Betsy looked up into those hazel-green eyes, currently sparkling with electricity. “Yes,” she said. “Yes, I’ll prove him innocent and bring him home.”
“Of course you will. So—” Shelly picked up a slip of paper and wrote a single, long word on it and handed it to Betsy. Kwitchyerbellyachin, it said.
Betsy read it and smiled through the last of her tears. “Thanks, Shelly.”
Betsy waited an hour and tried calling the Adult Detention Center again.
“Yes, we have him here,” said the man in charge of speaking to civilians.
“Do you know how much his bail is?”
“Ma’am?”
“How much will it cost to bail him out?”
The man sighed. “You can’t bail him out, he hasn’t been arraigned yet. That means formally charged, in court, before a judge.”
“When will that happen?”
“Sometime in the next thirty-six hours.”
“Can I talk to him?”
“No, ma’am. Right now the only people who can talk to him are the investigators and his attorney.”
Betsy hung up and rested a hand on the receiver. “His attorney,” she repeated.
“What’d you say?” asked Shelly.
“Godwin needs an attorney. Where’s that piece of paper?” She began to move things around on the desk with increasing urgency until she found it. “Hah!” She looked at the two names. “Shelly, have you ever heard of Attorney Frank Whistler? Or Marvin Lebowski?”
Shelly shook her head. “Where’d you find those names?”
“Jim Pemberthy recommended them. He said Mr. Whistler is a weasel and Mr. Lebowski is a tank.”
“Mike Malloy hasn’t got enough of a brain for a weasel to work on. A tank running over him he’ll understand.”
“Yes, but a judge is different, he may resent tank treads up his back.” Still, the notion of a tank appealed. “I’ll call Mr. Lebowski now.”

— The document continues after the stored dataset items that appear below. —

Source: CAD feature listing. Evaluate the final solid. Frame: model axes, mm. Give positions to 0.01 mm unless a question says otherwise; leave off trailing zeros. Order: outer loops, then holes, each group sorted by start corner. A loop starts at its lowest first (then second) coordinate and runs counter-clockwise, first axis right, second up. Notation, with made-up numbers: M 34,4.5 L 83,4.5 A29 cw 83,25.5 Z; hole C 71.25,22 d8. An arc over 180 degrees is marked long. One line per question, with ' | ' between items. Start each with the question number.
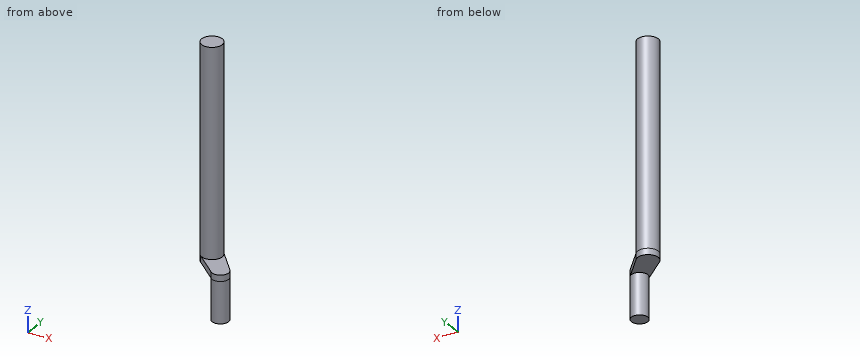
from build123d import *

# Parameters (mm, degrees)
SKETCH1_R           = 10
BOSS_EXTRUDE1_DEPTH = 200
BOSS_EXTRUDE2_DEPTH = 6
SKETCH4_R           = 8
BOSS_EXTRUDE3_DEPTH = 40


with BuildPart() as part:
    # Sketch1 → Boss-Extrude1 (new body)
    with BuildSketch(Plane.XY):
        Circle(SKETCH1_R)
    extrude(amount=BOSS_EXTRUDE1_DEPTH)

    # Sketch2 → Boss-Extrude2 (add)
    with BuildSketch(Plane(origin=(0, 0, 0), x_dir=(-1, 0, 0), z_dir=(0, 0, -1))):
        with BuildLine():
            Line((-27.117555988, -16.267702887), (-7.592066465, 6.508496508))
            ThreePointArc((-7.592066465, 6.508496508), (6.999097965, 7.142312488), (6.660920323, -7.458695627))
            Line((6.660920323, -7.458695627), (-15.715166558, -27.441456595))
            ThreePointArc((-15.715166558, -27.441456595), (-26.643181188, -27.188350084), (-27.117555988, -16.267702887))
        make_face()
    extrude(amount=BOSS_EXTRUDE2_DEPTH)

    # Sketch4 → Boss-Extrude3 (add)
    with BuildSketch(Plane(origin=(0, 0, -6), x_dir=(-1, 0, 0), z_dir=(0, 0, -1))):
        with Locations((-21.043902817, -21.474500093)):
            Circle(SKETCH4_R)
    extrude(amount=BOSS_EXTRUDE3_DEPTH)


solid = part.part
Item 1: Pin query (flat end, axial travel): pin 1 Ø11 at (x, y) = (5.5, -6.5) entering from -Z; pin 2 Ø2 at (x, z) = (22.5, -16) entering from -Y; pin 3 Ø10 at (x, y) = (24.5, -24.5) entering from +Z. Return the tip coordinate at first contact, or that it passes through.
Item 2: Line query: line 1 (Z direction, x = 2.5, y = -13.5); line 2 (X direction, y = 1, z = 178); line 3 (Z direction, x = -1, y = 4). Output: solid intervals per line, ascending.
Item 3: Cut plane B-B on z = 162.5. Return the cut outline in (x, y), and give its area (3 significant figures).
Item 4: Cut plane D-D on y = 0. Return the cut outline in (x, z).
Item 5: Cut plane A-A on y = -19. Return the cut outline in (x, z), and give its area (3 significant figures).
Item 6: Cut plane C-C on x = 0. Return the cut outline in (y, z).
Results are:
1) pin 1: stops at z = -6 | pin 2: stops at y = -29.46 | pin 3: stops at z = 0
2) line 1: z = -6 to 0 | line 2: x = -9.95 to 9.95 | line 3: z = -6 to 200
3) outline: C 0,0 d20 | area: 314 mm2
4) outline: M -10,-6 L 13.17,-6 L 13.17,0 L 10,0 L 10,200 L -10,200 Z
5) outline: M 6.26,-6 L 13.44,-6 L 13.44,-46 L 28.65,-46 L 28.65,0 L 6.26,0 Z | area: 743 mm2
6) outline: M -13.41,-6 L 10,-6 L 10,200 L -10,200 L -10,0 L -13.41,0 Z

But Mr. Lebowski was in court, according to his secretary, who took Betsy’s name and phone number. Betsy made sure she had Godwin’s name spelled right and understood that he was in the Hennepin County Adult Detention Center, charged with murder. Then she hung up and dialed Mr. Whistler’s number.
Mr. Whistler’s secretary put Betsy right through. “Mr. Whistler, my name is Betsy Devonshire, and I got your name from Attorney James Pemberthy of Excelsior.”
“Yes? How is Jim?”
“Very well. But he doesn’t practice in criminal defense, and that’s the kind of help we need right now.”
“Who is ‘we,’ Ms. Devonshire?” Mr. Whistler had a rich, confident, good-humored baritone, and a way of very slightly over-pronouncing his words, as if he thought her slightly deaf. Or dull-witted.